= Hanks' salts =

Hanks' salts is a collective group of salts rich in bicarbonate ions, formulated in 1940 by the microbiologist John H. Hanks. Typically, they are used as a buffer system in cell culture media and aid in maintaining the optimum physiological pH (roughly 7.0–7.4) for cellular growth. Due to their poorly reactive nature and small concentration in solution, Hanks' salts are mainly used in media that are exposed to atmospheric conditions as opposed to incubation. Performing the latter drastically exceeds the buffer capacity of Hanks' salts and may result in cell death.

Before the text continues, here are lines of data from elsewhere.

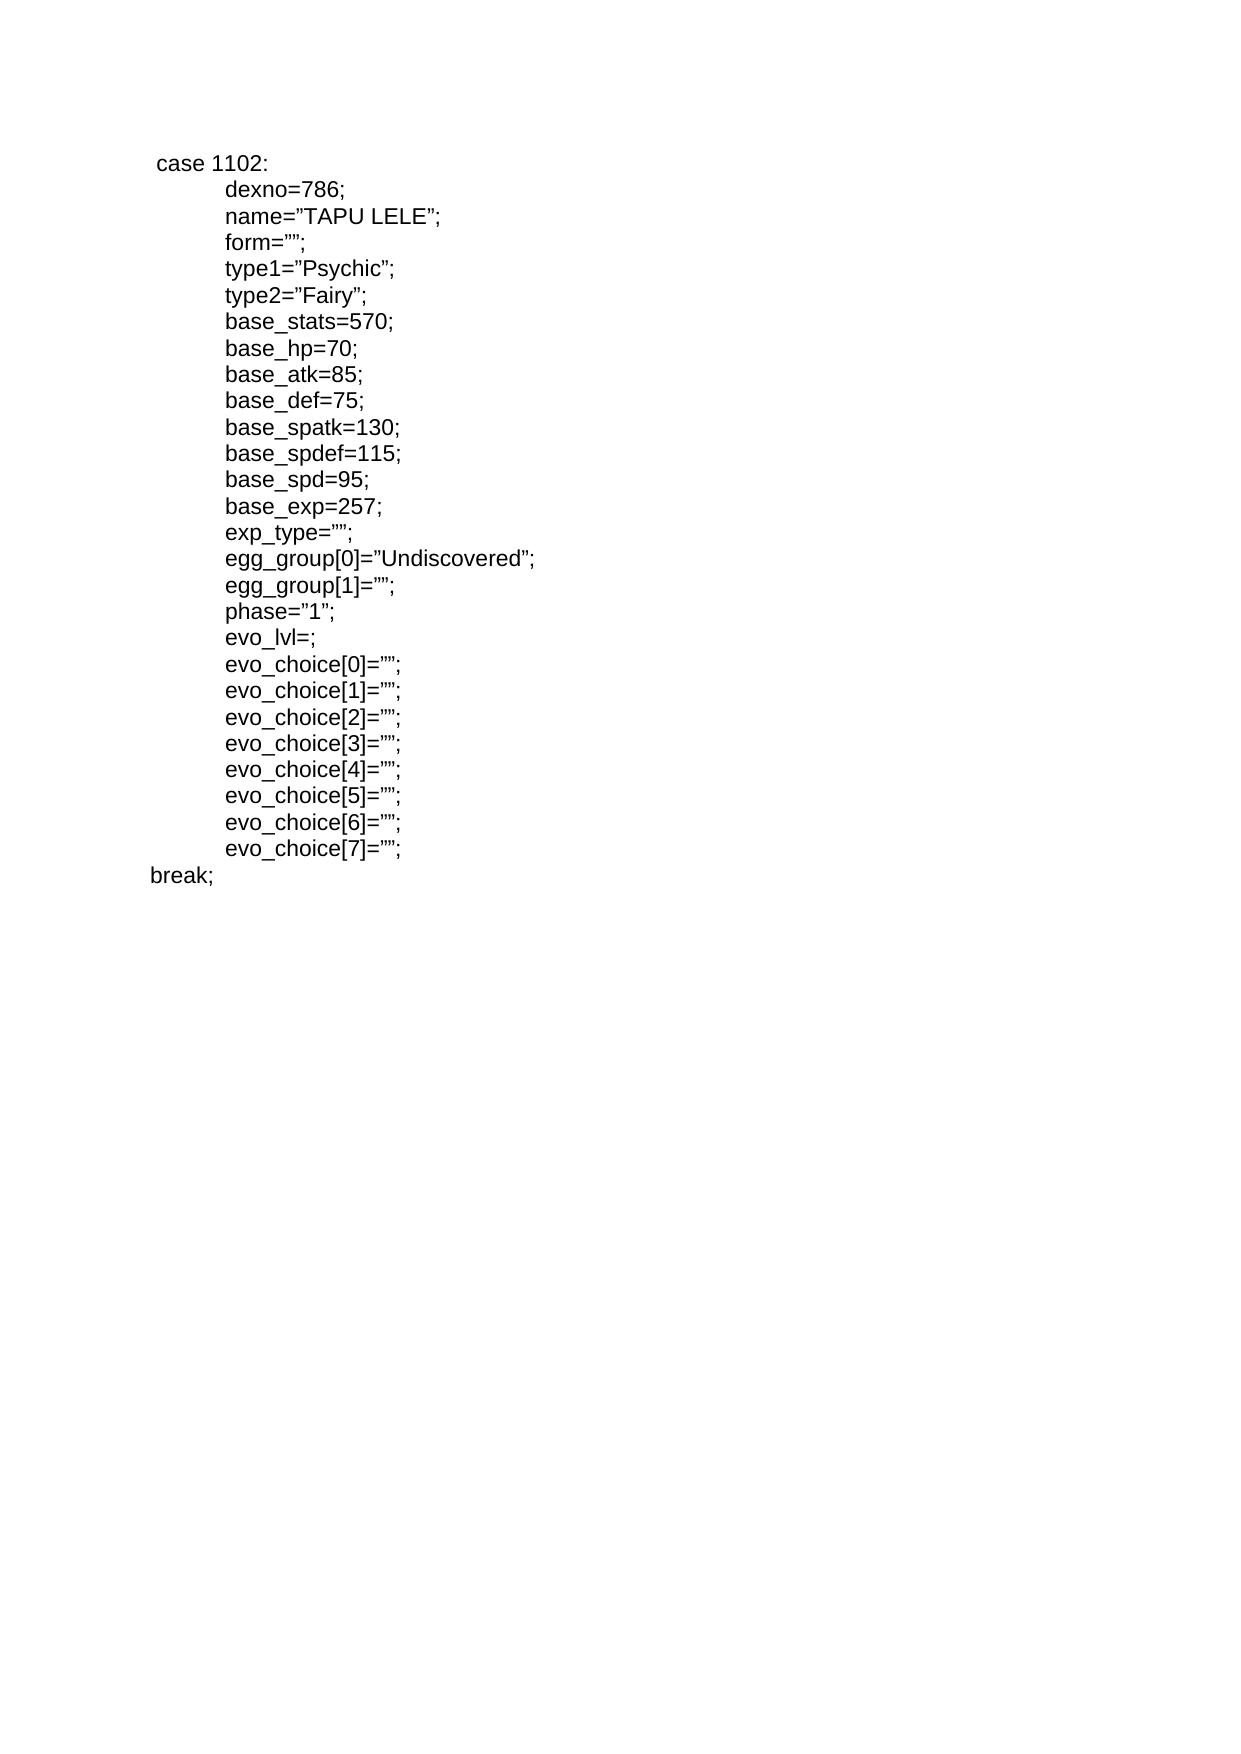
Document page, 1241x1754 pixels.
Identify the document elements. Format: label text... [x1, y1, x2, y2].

text phase=”1”; [150, 598, 1090, 624]
text evo_lvl=; [150, 624, 1090, 651]
text evo_choice[5]=””; [150, 782, 1090, 809]
text base_spd=95; [150, 466, 1090, 493]
text egg_group[0]=”Undiscovered”; [150, 545, 1090, 572]
text type1=”Psychic”; [150, 255, 1090, 282]
text evo_choice[4]=””; [150, 756, 1090, 782]
text base_def=75; [150, 387, 1090, 413]
text break; [150, 862, 1090, 888]
text base_exp=257; [150, 493, 1090, 519]
text base_stats=570; [150, 308, 1090, 334]
text base_hp=70; [150, 334, 1090, 361]
text evo_choice[6]=””; [150, 809, 1090, 835]
text base_spdef=115; [150, 440, 1090, 466]
text dexno=786; [150, 176, 1090, 203]
text evo_choice[2]=””; [150, 703, 1090, 730]
text name=”TAPU LELE”; [150, 203, 1090, 229]
text base_spatk=130; [150, 413, 1090, 440]
text base_atk=85; [150, 361, 1090, 387]
text case 1102: [150, 150, 1090, 176]
text evo_choice[0]=””; [150, 651, 1090, 677]
text evo_choice[1]=””; [150, 677, 1090, 703]
text egg_group[1]=””; [150, 572, 1090, 598]
text form=””; [150, 229, 1090, 255]
text exp_type=””; [150, 519, 1090, 545]
text type2=”Fairy”; [150, 282, 1090, 308]
text evo_choice[7]=””; [150, 835, 1090, 862]
text evo_choice[3]=””; [150, 730, 1090, 756]

The recipe according to AATBIO

Table 1. Required components

| Component | Amount | Concentration |
| NaCl (mw: 58.44 g/mol) | 8 g | 0.14 M |
| KCl (mw: 74.55 g/mol) | 400 mg | 0.005 M |
| CaCl_{2} (mw: 110.98 g/mol) | 140 mg | 0.001 M |
| MgSO_{4}-7H_{2}O (mw: 246.47 g/mol) | 100 mg | 0.0004 M |
| MgCl_{2}-6H_{2}O (mw: 203.303 g/mol) | 100 mg | 0.0005 M |
| Na_{2}HPO_{4}-2H_{2}O (mw: 177.99 g/mol) | 60 mg | 0.0003 M |
| KH_{2}PO_{4} (mw: 136.086 g/mol) | 60 mg | 0.0004 M |
| D-Glucose (Dextrose) (mw: 180.156 g/mol) | 1 g | 0.006 M |
| NaHCO_{3} (mw: 84.01 g/mol) | 350 mg | 0.004 M |

1. Prepare 800 mL of distilled water in a suitable container.
2. Add 8 g of NaCl to the solution.
3. Add 400 mg of KCl to the solution.
4. Add 140 mg of CaCl_{2} to the solution.
5. Add 100 mg of MgSO_{4}-7H_{2}O to the solution.
6. Add 100 mg of MgCl_{2}-6H_{2}O to the solution.
7. Add 60 mg of Na_{2}HPO_{4}-2H_{2}O to the solution.
8. Add 60 mg of KH_{2}PO_{4} to the solution.
9. Add 1 g of D-Glucose (Dextrose) to the solution.
10. Add 350 mg of NaHCO_{3} to the solution.
11. Add distilled water until volume is 1 L.